For more than 100 years, we've heard opponents "Cry Wolf" when governments tried to establish living wage or minimum wage laws, threatening higher unemployment and inflation. Introductory economic textbooks warn of just that. But fortunately economic analysis has advanced beyond the introductory level. More economists are testing theories once taken for granted, and using better methodologies they are proving wrong those who "Cry Wolf" about living wage laws.

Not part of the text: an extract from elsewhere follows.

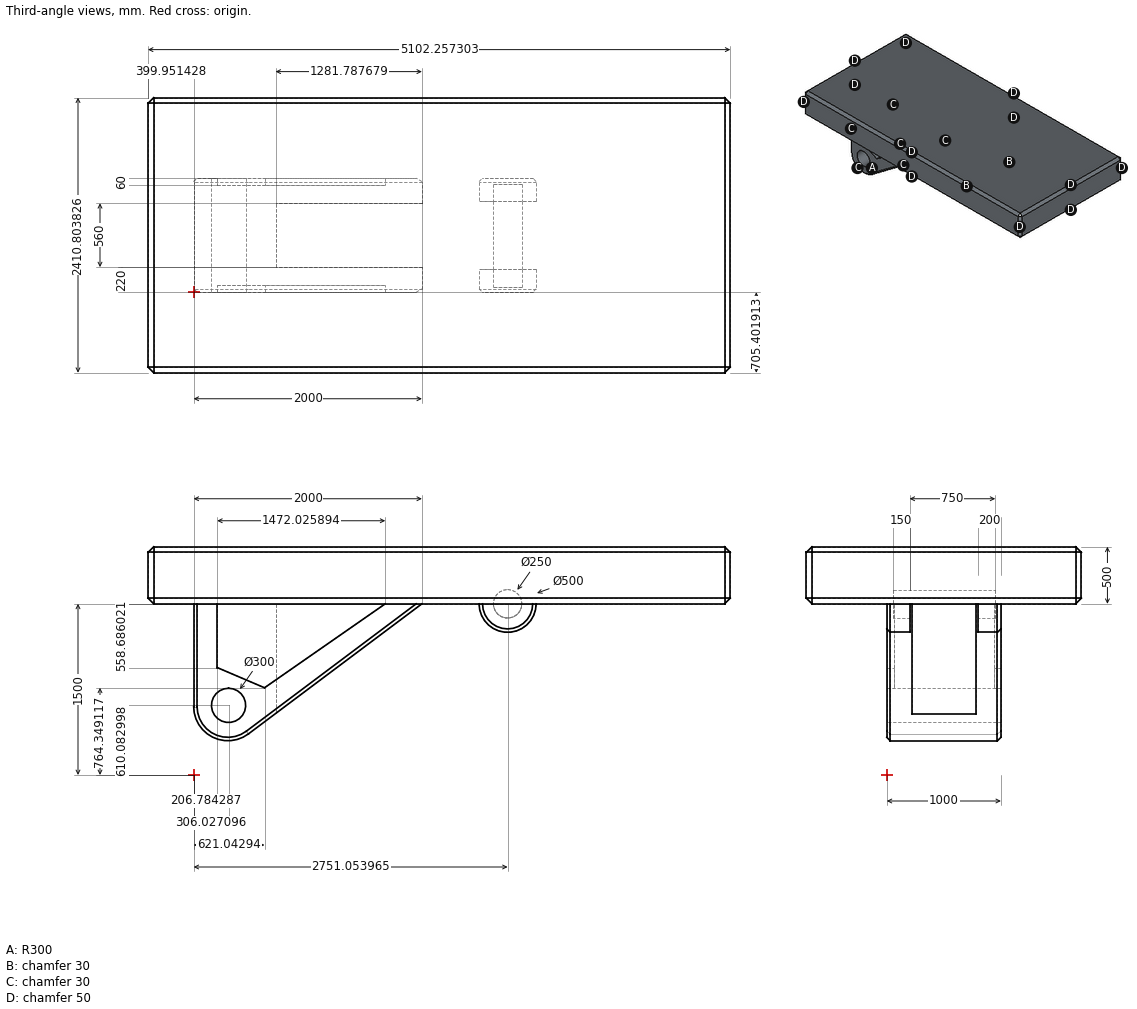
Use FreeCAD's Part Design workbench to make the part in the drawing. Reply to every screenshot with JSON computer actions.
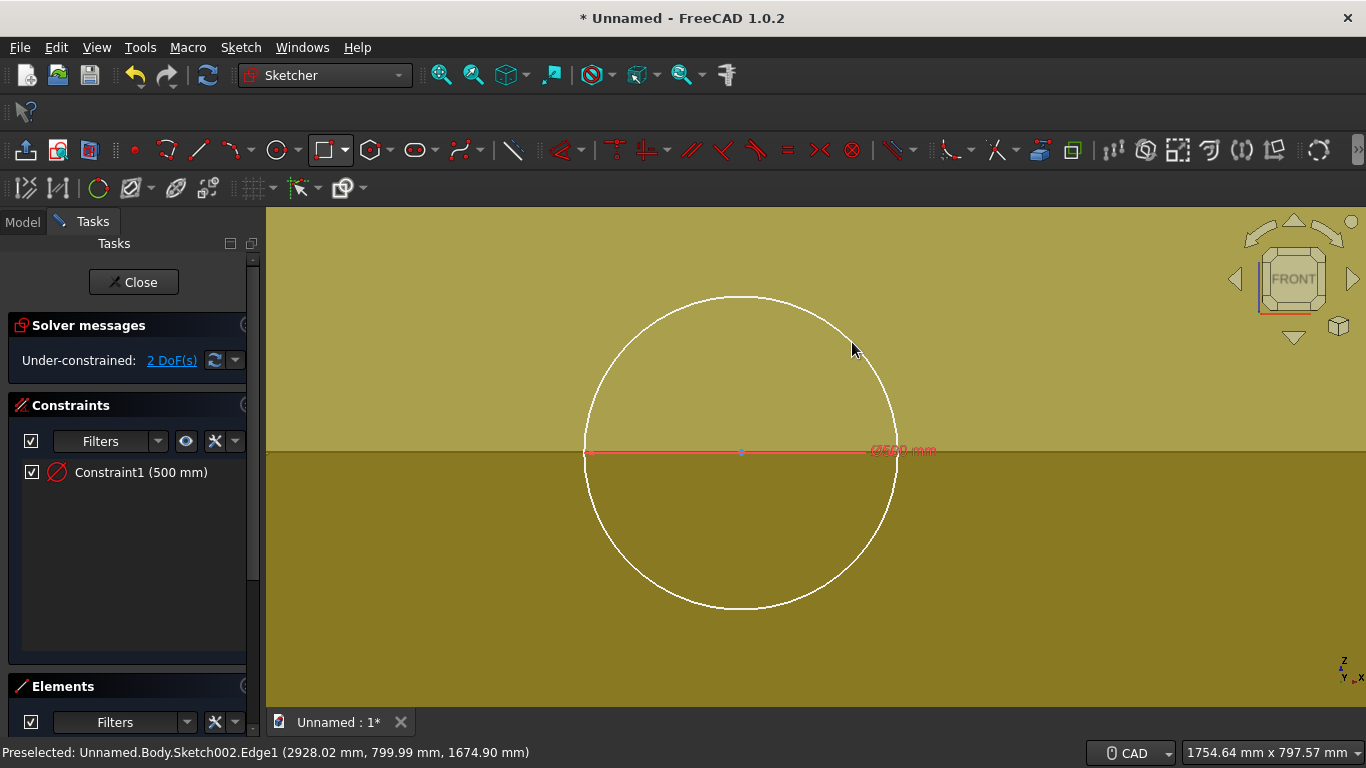
{"action": "left_click", "coordinate": [560, 150]}

Their timing could not be better. More than one-quarter of all U.S. workers earn hourly wages below the federal poverty line. Census data shows that the proportion of workers considered to be the "working poor" fell throughout the 1990s as cities passed living wage laws and the federal government raised the minimum wage. But without regular increases to the minimum wage, the number of "working poor" is rising again. In 2008, almost 9 million Americans were classified as "working poor," almost 2 million more people than in 1998.
The problem isn't that workers are not working hard enough. Productivity has soared in recent decades. The problem is a crisis of living wage jobs. Yet opponents rely on false arguments that wage laws (and unions!) hurt workers, when in reality the only way average wages rise in a country is when workers organize and push for better laws.
New data released last month adds another solid piece of evidence that higher wage levels do not force employers to lay off workers. Labor economists Arin Dube, William Lester and Michael Reich compare counties adjacent to state borders, where one state raised the minimum wage and another did not, between 1990 and 2006. The authors improve on previous studies that did not control for local economic conditions, and find no correlation between higher minimum wages and employment.
Another new study out last week, by William Lester and Ken Jacobs, looks specifically at living wage ordinances that cover economic development projects. They find no difference in employment levels between the living wage cities and comparable cities, disproving the claim by critics that the laws can drive away business or lead to reduced employment.
As more and more work comes out disproving the claims of those who "Cry Wolf", we keep hearing from a handful of economists not ready to let go of old theories. Most notable is the discredited David Neumark, who along with co-author William Wascher, gained notoriety in a famous case of dueling minimum wage studies in the 1990s. A restaurant industry-funded foundation promoted Neumark and Washer's work, arguing that it proved higher minimum wages led to job loss in the fast food industry. Yet after some outside scrutiny, researchers found the Neumark study did not really find evidence of job loss.
David Neumark also happens to be one of the economists selected by Mayor Bloomberg to conduct a $1 million study of the potential impact of a proposed living wage ordinance in New York. The high price tag for the study is itself shocking, given what it usually costs to conduct studies of this kind. (Bloomberg could have saved the money and given a living wage raise to almost 200 full-time workers for a year!)
But the selection is also surprising given that Neumark is already author of 27 studies that argue that municipal living wage ordinances lead to job loss. Many of these studies use the same kinds of flawed methodologies we see in minimum wage research.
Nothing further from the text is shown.